Anchorage has already integrated Merkle’s technology and team to power today’s launch of its new trading feature. It eliminates the need for big crypto owners to manually move assets in and out of custody to buy or sell, or to set up their own in-house trading. Instead of grabbing some undisclosed spread between the spot price and the price Anchorage quotes its clients, it charges a transparent per transaction fee of a tenth of a percent.

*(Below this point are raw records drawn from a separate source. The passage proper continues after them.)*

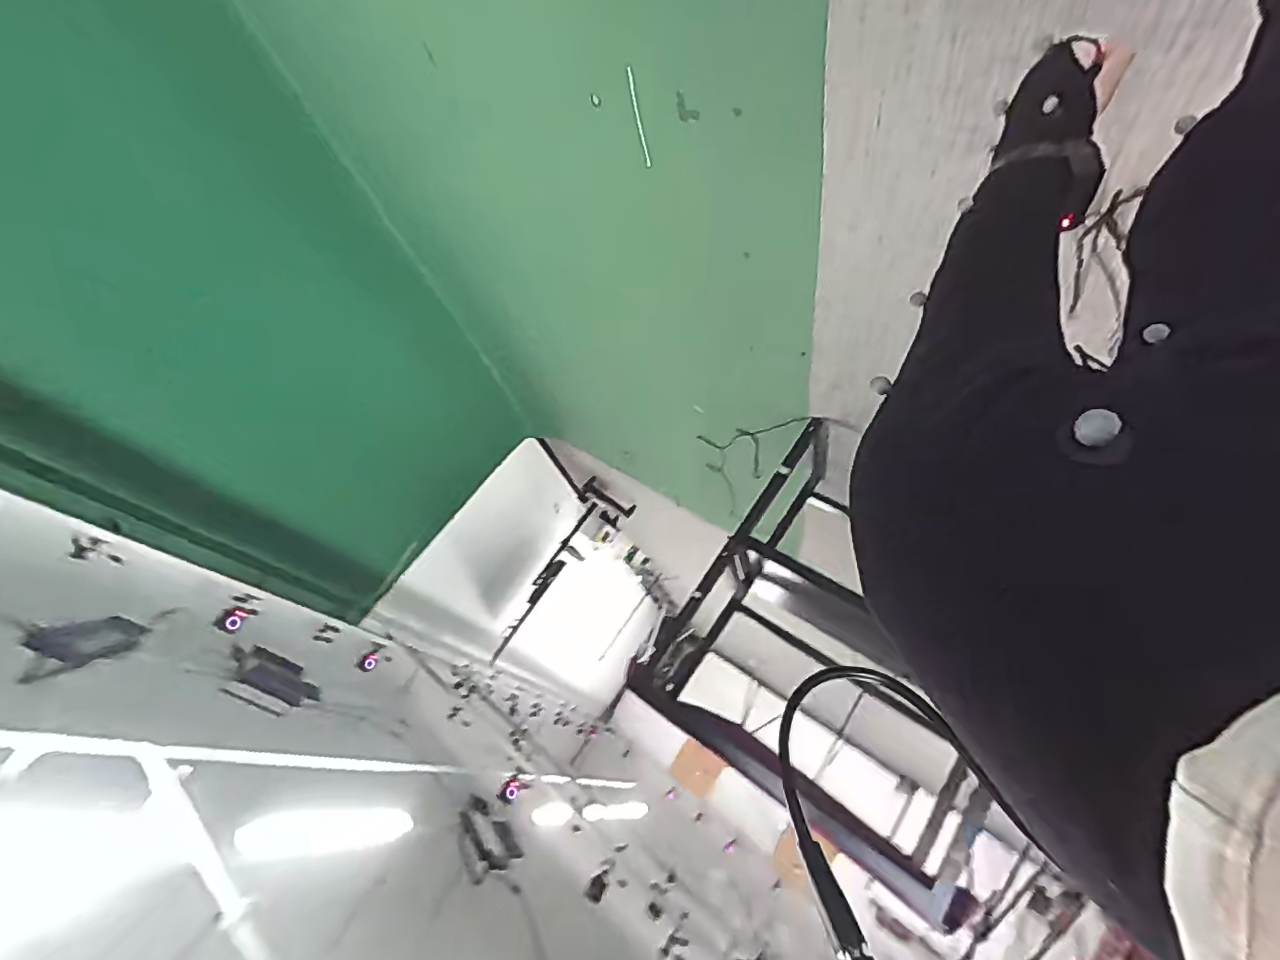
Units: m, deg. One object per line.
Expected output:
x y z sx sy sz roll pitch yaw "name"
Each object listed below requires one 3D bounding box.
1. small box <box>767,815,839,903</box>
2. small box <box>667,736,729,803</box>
0.555 1.267 1.820 0.179 0.176 0.168 27 161 32 "small box"
0.229 1.110 2.086 0.168 0.176 0.179 29 163 25 "small box"
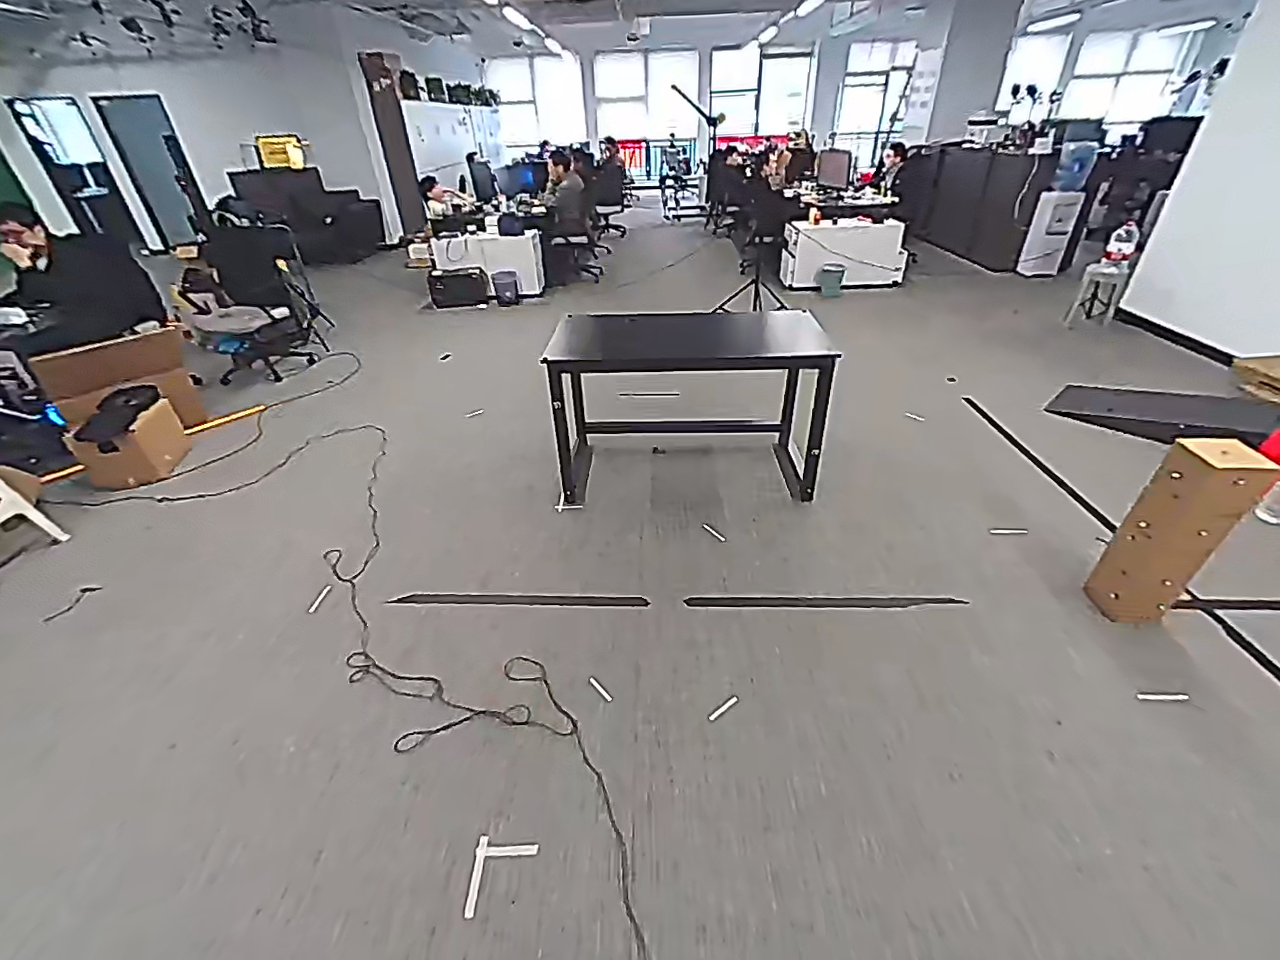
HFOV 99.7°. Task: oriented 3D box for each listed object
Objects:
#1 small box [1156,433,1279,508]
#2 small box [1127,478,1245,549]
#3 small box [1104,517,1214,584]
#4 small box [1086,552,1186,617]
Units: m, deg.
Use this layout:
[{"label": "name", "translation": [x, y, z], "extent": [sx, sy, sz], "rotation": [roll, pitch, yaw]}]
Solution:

It’s stressful enough trading around digital fortunes. Anchorage gives institutions and token moguls peace of mind throughout the process while letting them stake and vote while their riches are in custody. Anchorage CEO Nathan McCauley tells me “Our clients want to be able to fund a bank account with USD and have it seamlessly converted into crypto, securely held in their custody accounts. Shockingly, that’s not yet the norm–but we’re changing that.”

Buy and sell safely

Founded in 2017 by leaders behind Docker and Square, Anchorage’s core business is its omnimetric security system that takes passwords that can be lost or stolen out of the equation. Instead, it uses humans and AI to review scans of your biometrics, nearby networks, and other data for identity confirmation. Then it requires consensus approval for transactions from a set of trusted managers you’ve whitelisted.

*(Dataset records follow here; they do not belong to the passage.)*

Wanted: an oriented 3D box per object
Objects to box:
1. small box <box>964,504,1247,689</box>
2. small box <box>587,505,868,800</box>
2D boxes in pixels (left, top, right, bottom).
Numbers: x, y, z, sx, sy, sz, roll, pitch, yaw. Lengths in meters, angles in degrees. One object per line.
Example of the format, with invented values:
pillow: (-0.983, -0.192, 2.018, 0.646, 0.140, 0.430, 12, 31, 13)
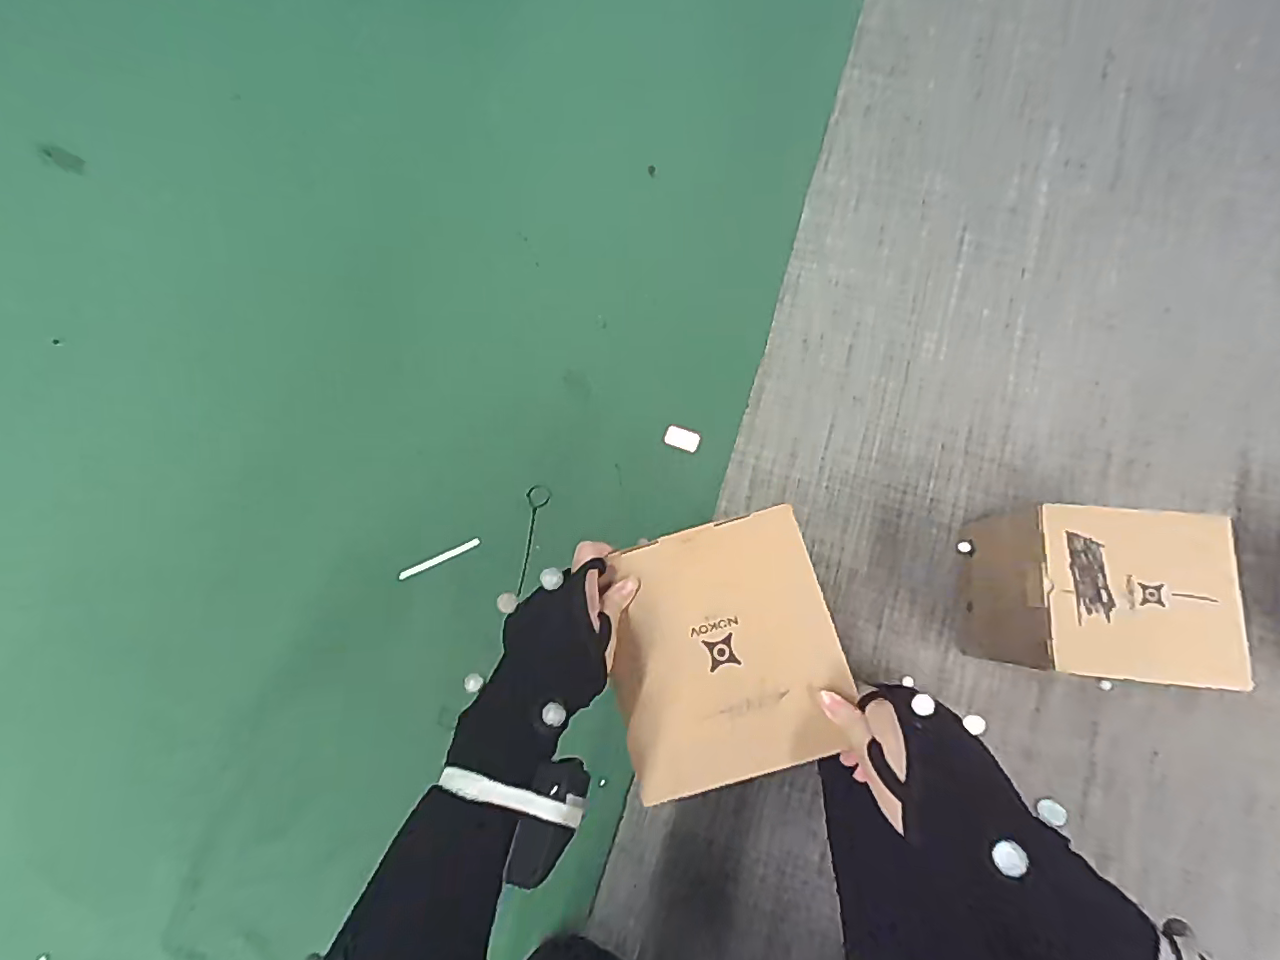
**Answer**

With Anchorage Trading, the startup promises efficient order routing, transparent pricing, and multi-venue liquidity from OTC desks, exchanges, and market makers. “Because trading and custody are directly integrated, we’re able to buy and sell crypto from custody, without having to make risky external transfers or deal with multiple accounts from different providers” says Bart Stephens, founder and managing partner of Blockchain Capital.

Trading isn’t Anchorage’s primary business, so it doesn’t have to squeeze clients on their transactions and can instead try to keep them happy for the long-term. That also sets up Anchorage to be foundational part of the cryptocurrency stack. It wouldn’t disclose the terms of the Merkle Data acquisition, but the Pantera Capital-backed company brings quantative analysts to Anchorage to keep its trading safe and smart.

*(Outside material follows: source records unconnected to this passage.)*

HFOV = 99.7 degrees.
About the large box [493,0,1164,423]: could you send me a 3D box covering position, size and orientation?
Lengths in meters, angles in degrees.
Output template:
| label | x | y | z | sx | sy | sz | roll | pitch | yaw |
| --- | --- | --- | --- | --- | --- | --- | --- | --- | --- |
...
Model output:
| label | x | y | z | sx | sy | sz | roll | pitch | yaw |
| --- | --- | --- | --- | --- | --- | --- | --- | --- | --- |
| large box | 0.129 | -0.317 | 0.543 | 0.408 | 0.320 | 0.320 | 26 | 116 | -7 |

“Unlike most traditional financial assets, crypto assets are bearer assets: in order to do anything with them, you need to hold the underlying private keys. This means crypto custodians like Anchorage must play a much larger role than custodians do in traditional finance” says McCauley. “Services like trading, settlement, posting collateral, lending, and all other financial activities surrounding the assets rely on the custodian’s involvement, and in our view are best performed by the custodian directly.”

Anchorage will be competing with Coinbase, which offers integrated custody and institutional brokerage through its agency-only OTC desk. Fidelity Digital Assets combines trading and brokerage, but for Bitcoin only. BitGo offers brokerage from custody through a partnership with Genesis Global Trading. But Anchorage hopes its experience handling huge sums, clear pricing, and credentials like membership in Facebook’s Libra Association will win it clients.

McCauley says the biggest threat to Anchorage isn’t competitors, thoguh, but hazy regulation. Anchorage is building a core piece of the blockchain economy’s infrastructure. But for the biggest financial institutions to be comfortable getting involved, lawmakers need to make it clear what’s legal.